This is a few notes on building a scraping pipeline. A scraping pipeline is an application that takes data from a website and spits it out in a format suitable for another project.
These thoughts are based on a current project where I need to scrape various websites and build a triple store. And example is the website ug.dk that holds Danish educations, institutions, jobs, campuses etc. I have build a setup that can create an updated triple store with fallback on old data for resources that is not available.
To build this scraper, there are some core principles that has lead decision making.
- Take care of the host. Don't needlessly burden the site that provide data
- Interruption, resources might not always be available on the internet
- Fun, it should be fun to develop and I want to reduce iteration time.

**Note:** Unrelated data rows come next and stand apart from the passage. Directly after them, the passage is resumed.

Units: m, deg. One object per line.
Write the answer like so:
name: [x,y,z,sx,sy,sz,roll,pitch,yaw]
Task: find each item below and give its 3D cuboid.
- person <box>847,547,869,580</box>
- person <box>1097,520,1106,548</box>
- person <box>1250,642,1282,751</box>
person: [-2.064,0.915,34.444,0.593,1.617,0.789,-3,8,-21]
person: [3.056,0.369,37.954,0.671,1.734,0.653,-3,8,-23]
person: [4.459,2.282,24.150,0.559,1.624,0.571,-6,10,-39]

Think incremental Scraping
Get a full minimal pipeline up running ASAP. From there it is a matter of enriching data and incrementally enhance the pipeline.

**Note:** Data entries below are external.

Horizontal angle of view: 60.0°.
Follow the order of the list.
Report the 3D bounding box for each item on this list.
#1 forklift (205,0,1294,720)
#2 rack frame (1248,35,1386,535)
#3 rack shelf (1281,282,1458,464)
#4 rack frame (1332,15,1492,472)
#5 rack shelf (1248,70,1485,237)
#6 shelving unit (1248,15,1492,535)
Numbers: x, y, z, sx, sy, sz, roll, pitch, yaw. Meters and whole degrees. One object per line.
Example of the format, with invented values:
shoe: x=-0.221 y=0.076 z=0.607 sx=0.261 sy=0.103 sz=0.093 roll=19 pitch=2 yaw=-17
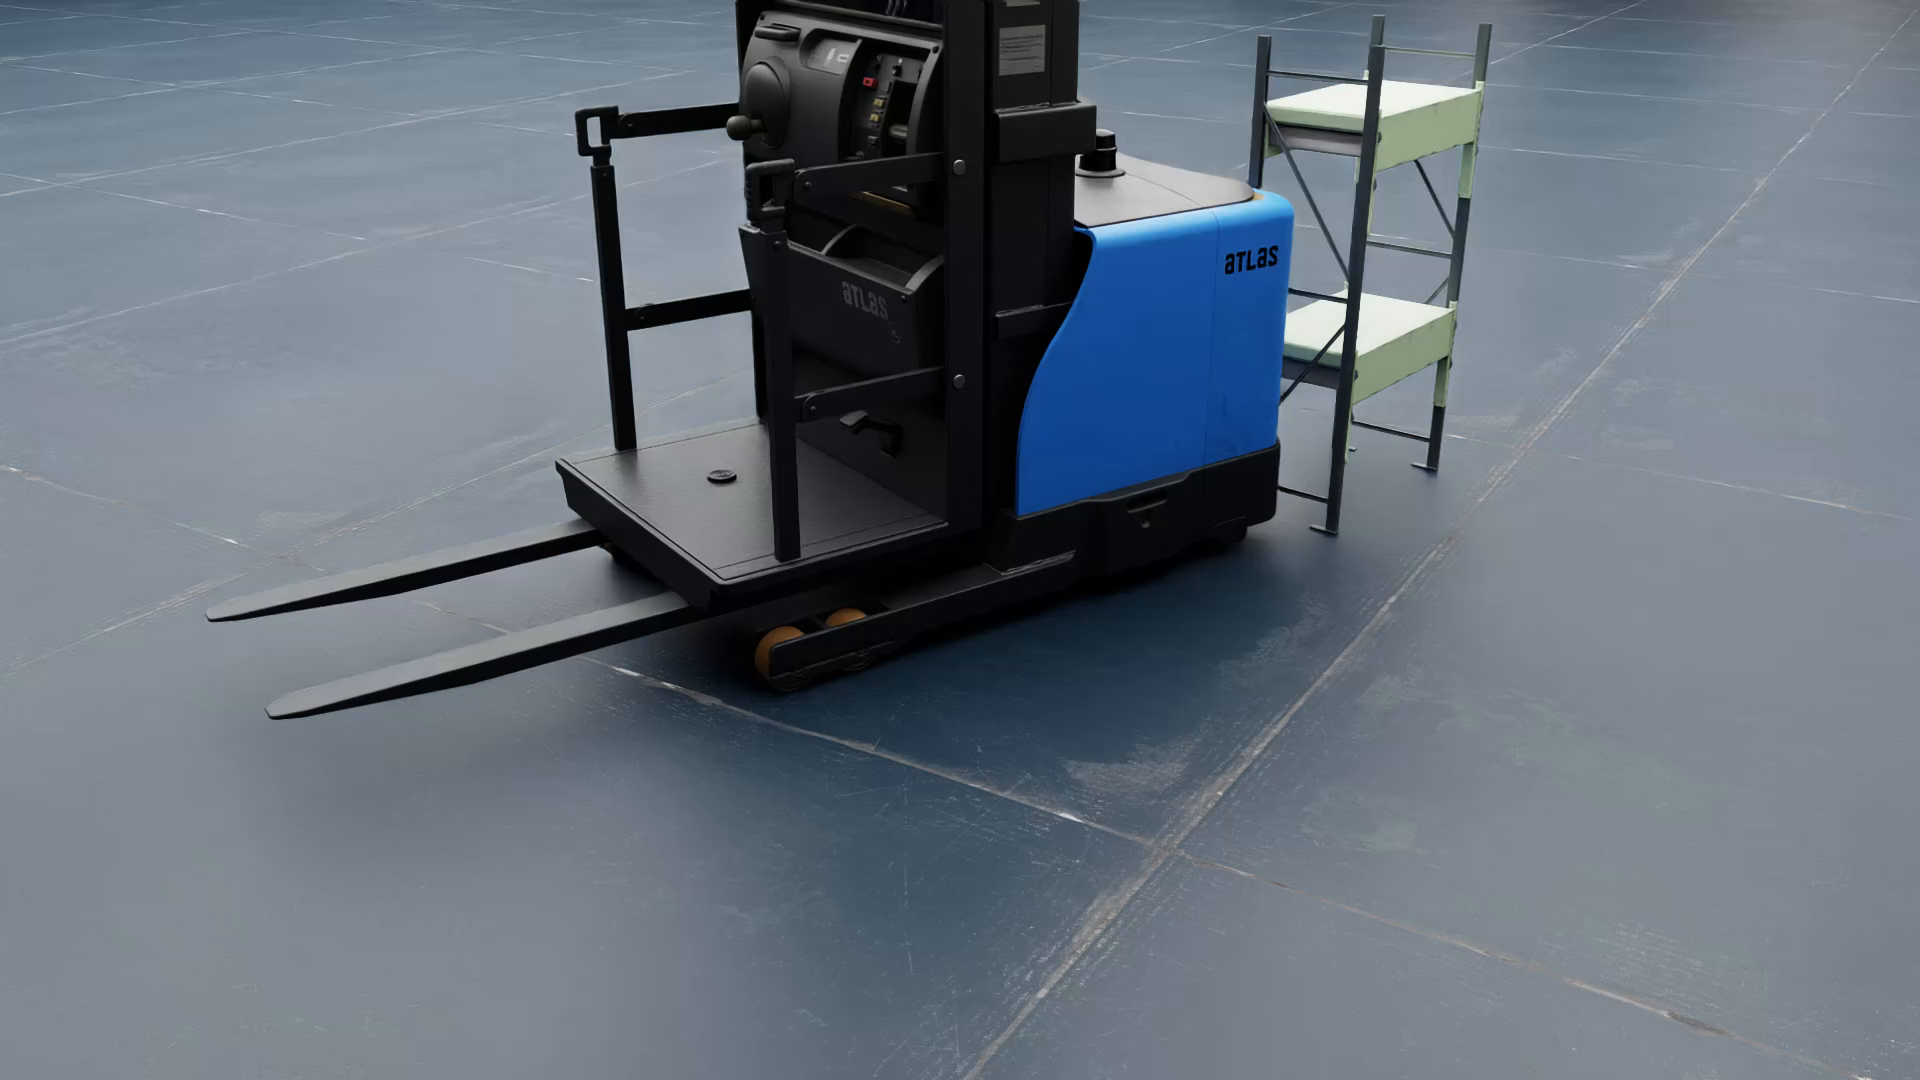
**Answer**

Check both the code and the data into git. When a full version of the scraper is done, and data is scraped, commit the resulting data. Diffs can be used to see what data has changed since last scrape or it can be used to revert data back when introducing bugs in the pipeline. For that reason, save data in a human readable format eg. JSON. Make sure that serializer saves it in a prettified format to make beautiful diffs.
Find a good tradeoff between saving entities as individual files or bundling them in individual files. GitHub handles files up to 100MB, on the other hand, having several hundred thousands files can be less practical.
Separate data fetch and processing
Make a script to save data to the disk in a format that closely mimics the format from the source website. Make sure that runs are non destructive, enriching / updating existing entities instead of destroying existing data and re-fetching.
Make another script that takes data saved from the website and transforming it into the target format. Let the scraper fetch files while working on this. Work on this script on a subset of the source files to ensure fast iteration times.